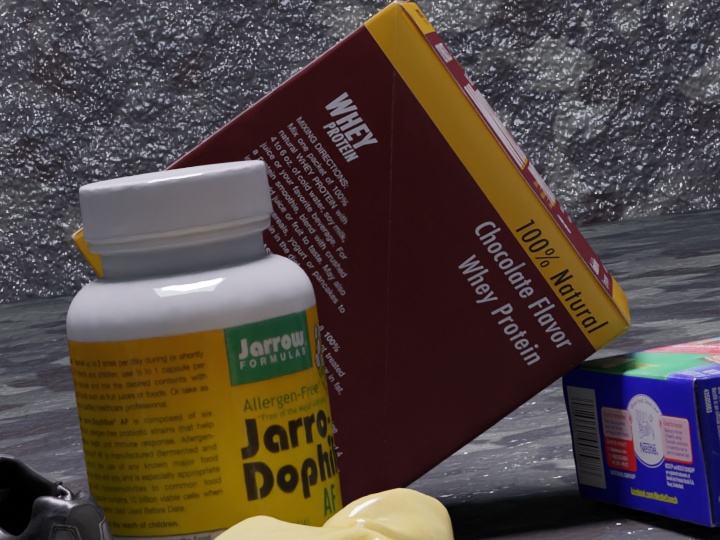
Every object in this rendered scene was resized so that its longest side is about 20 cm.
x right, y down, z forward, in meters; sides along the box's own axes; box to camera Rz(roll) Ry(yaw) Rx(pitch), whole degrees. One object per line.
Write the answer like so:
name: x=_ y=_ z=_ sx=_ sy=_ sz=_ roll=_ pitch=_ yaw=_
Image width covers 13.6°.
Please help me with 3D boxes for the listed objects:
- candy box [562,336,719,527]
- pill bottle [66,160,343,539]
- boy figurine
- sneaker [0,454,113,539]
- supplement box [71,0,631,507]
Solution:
candy box: x=0.223 y=0.068 z=1.477 sx=0.199 sy=0.078 sz=0.169 roll=-8 pitch=3 yaw=-18
pill bottle: x=-0.069 y=0.056 z=1.325 sx=0.112 sy=0.201 sz=0.113 roll=-7 pitch=4 yaw=1
boy figurine: x=-0.035 y=0.133 z=1.198 sx=0.124 sy=0.065 sz=0.200 roll=-4 pitch=5 yaw=37
sneaker: x=-0.161 y=0.125 z=1.326 sx=0.066 sy=0.091 sz=0.200 roll=-10 pitch=5 yaw=-35
supplement box: x=0.000 y=0.000 z=1.513 sx=0.200 sy=0.198 sz=0.133 roll=-36 pitch=2 yaw=6

◆ ◆ ◆ ◆

WORK INSTRUCTIONS: Nothing but the lines from the one that contains "Image width covers 13.6°." to the end of the listing should be given again, each exactly as it appears.

REPLY TO THE EXERCISE:
Image width covers 13.6°.
Please help me with 3D boxes for the listed objects:
- candy box [562,336,719,527]
- pill bottle [66,160,343,539]
- boy figurine
- sneaker [0,454,113,539]
- supplement box [71,0,631,507]
Solution:
candy box: x=0.223 y=0.068 z=1.477 sx=0.199 sy=0.078 sz=0.169 roll=-8 pitch=3 yaw=-18
pill bottle: x=-0.069 y=0.056 z=1.325 sx=0.112 sy=0.201 sz=0.113 roll=-7 pitch=4 yaw=1
boy figurine: x=-0.035 y=0.133 z=1.198 sx=0.124 sy=0.065 sz=0.200 roll=-4 pitch=5 yaw=37
sneaker: x=-0.161 y=0.125 z=1.326 sx=0.066 sy=0.091 sz=0.200 roll=-10 pitch=5 yaw=-35
supplement box: x=0.000 y=0.000 z=1.513 sx=0.200 sy=0.198 sz=0.133 roll=-36 pitch=2 yaw=6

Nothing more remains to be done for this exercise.